Designing the collaborative arm. The system uses a 3-DOF robotic arm with a gripper. Its mechanical design was based on an open-source project, which we modified to better suit our application. We also had to carefully integrate the additional components required to enable learning through physical guidance while maintaining the arm’s functionality and ease of use.
Results
All 20 recorded demonstration paths were successfully optimized, resulting in a 100% task fidelity rate. The robotic arm reproduced the intended motion in every trial, and the optimized paths were consistently shorter and smoother than the original recorded trajectories. In this context, “optimized” means that the execution time was reduced compared to the unoptimized path, and the jerk between consecutive waypoints was lower.
The first test. This figure shows one representative run out of 20 trials conducted to verify that the collaborative robot correctly records and executes the raw demonstration path. The first row shows the user demonstration, the second row shows the recorded path visualized in 3D, and the third row shows the robot executing the recorded path.
The second test. This figure shows one representative run out of 20 trials conducted to verify that the recorded path is successfully optimized. The first row compares the path before and after optimization. The second row shows the execution time reported by the application, while the third row shows the actual execution time measured using a stopwatch. The measured times were consistent across both methods.
The third test.
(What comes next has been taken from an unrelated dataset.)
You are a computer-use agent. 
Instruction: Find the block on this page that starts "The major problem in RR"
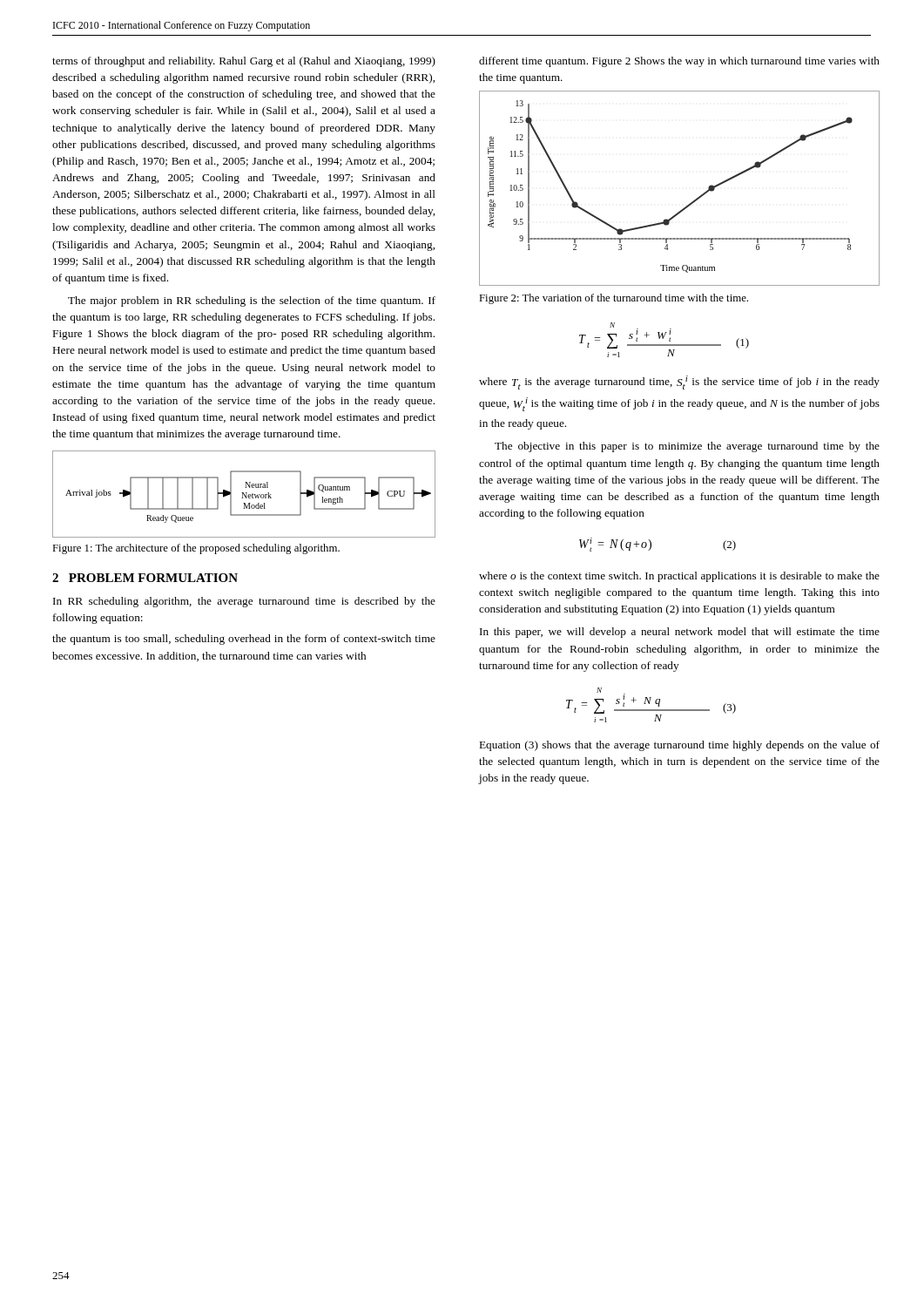pyautogui.click(x=244, y=367)

This test includes a reference robot from an external source to verify that the collaborative robot can perform the intended task. This figure shows one representative run out of 20 trials evaluating the execution of the optimized path. The first row shows the waypoint-by-waypoint progression of the robot, the second row shows the execution performed by the developed collaborative robot, and the third row shows the execution performed by the reference robot. The results were consistent, demonstrating that the optimized path preserved the intended task while reducing execution time.
Lesson Learned
A few things stuck with me after the project wrapped.
On the technical side: the optimizer is only as good as the data you feed it. We spent weeks tuning GA parameters and almost no time thinking about whether the recorded path was the right thing to optimize. Half a day on sensor filtering would have saved us weeks of “why isn’t this converging.”
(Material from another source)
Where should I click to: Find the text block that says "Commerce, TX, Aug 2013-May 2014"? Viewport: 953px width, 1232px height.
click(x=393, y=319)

On project management: build the first and dumbest end-to-end version first, then iterate on that. Our first working demo was a fully built system which made it limited for us to make some improvements without breaking the whole thing and costing us our budget.
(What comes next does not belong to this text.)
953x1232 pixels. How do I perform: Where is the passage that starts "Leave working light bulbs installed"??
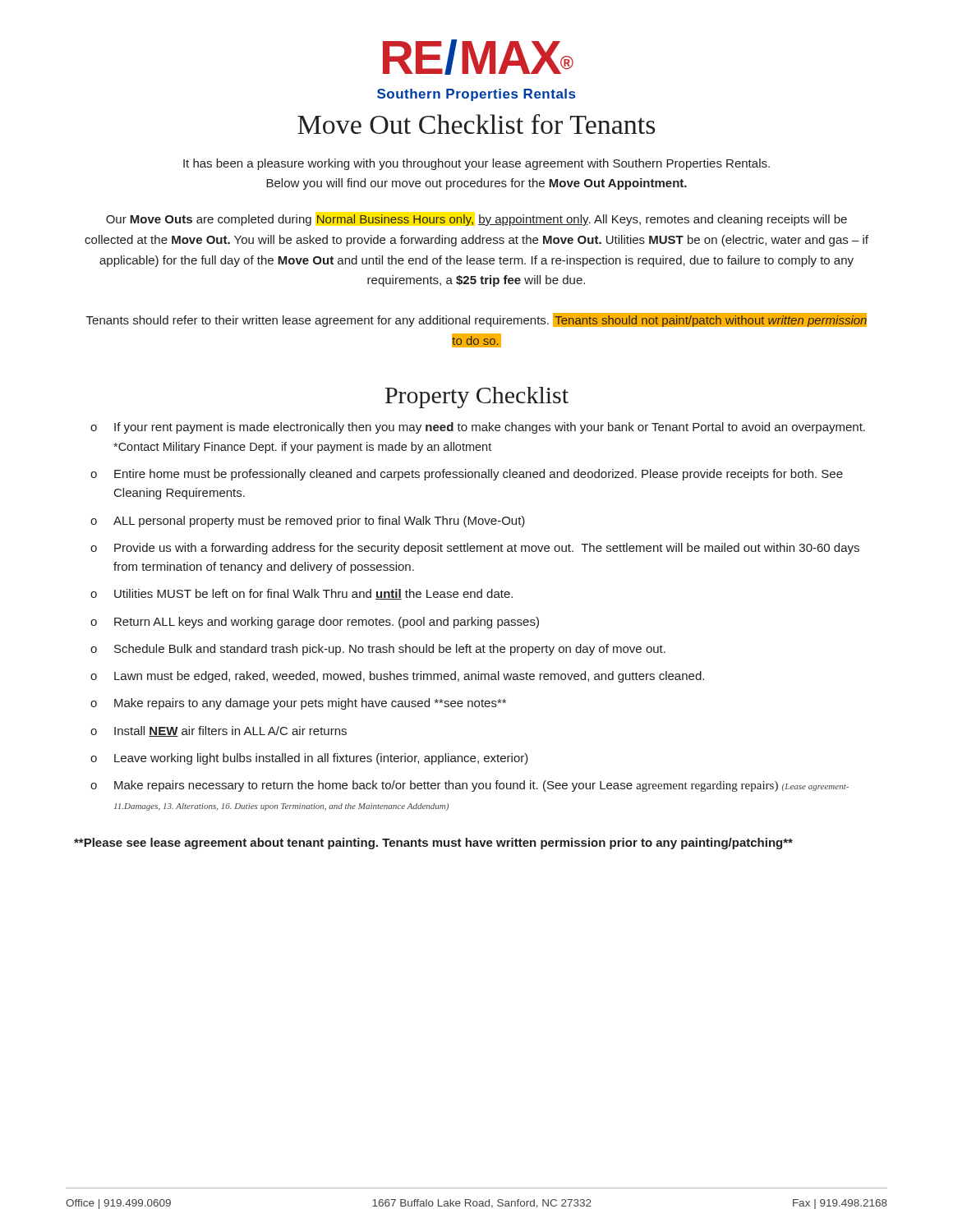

On collaboration: I didn’t build this alone. Jerico and Kevin handled the algorithm, Miles worked on the PWA frontend and some of the hardware, and I worked on designing the hardware and integrating the whole system and making sure everything they’ve built is connected properly. The thing I’m proudest of isn’t any one piece — it’s that we trusted each other to own our parts. This allowed us to deliver a project that was both functional and reliable.
Future Improvements
Where this could go, framed as next steps rather than gaps:
- Smarter optimization. Try different optimization methods. There might be a better optimization that is suited for this kind of task.
- Vision and task understanding. Add a simple camera and object detection so the cobot can adjust to where things actually are, not just where the user thinks they are.
- More DOFs. Add more DOFs to the arm to allow for more complex tasks.
- Encoders instead of potentiometers. Use encoders to measure the joint positions instead of potentiometers. This would allow for more precise control and reduce noise.
- Better gear design. There might be a better gear design that allows for more precise control and reduced slippage.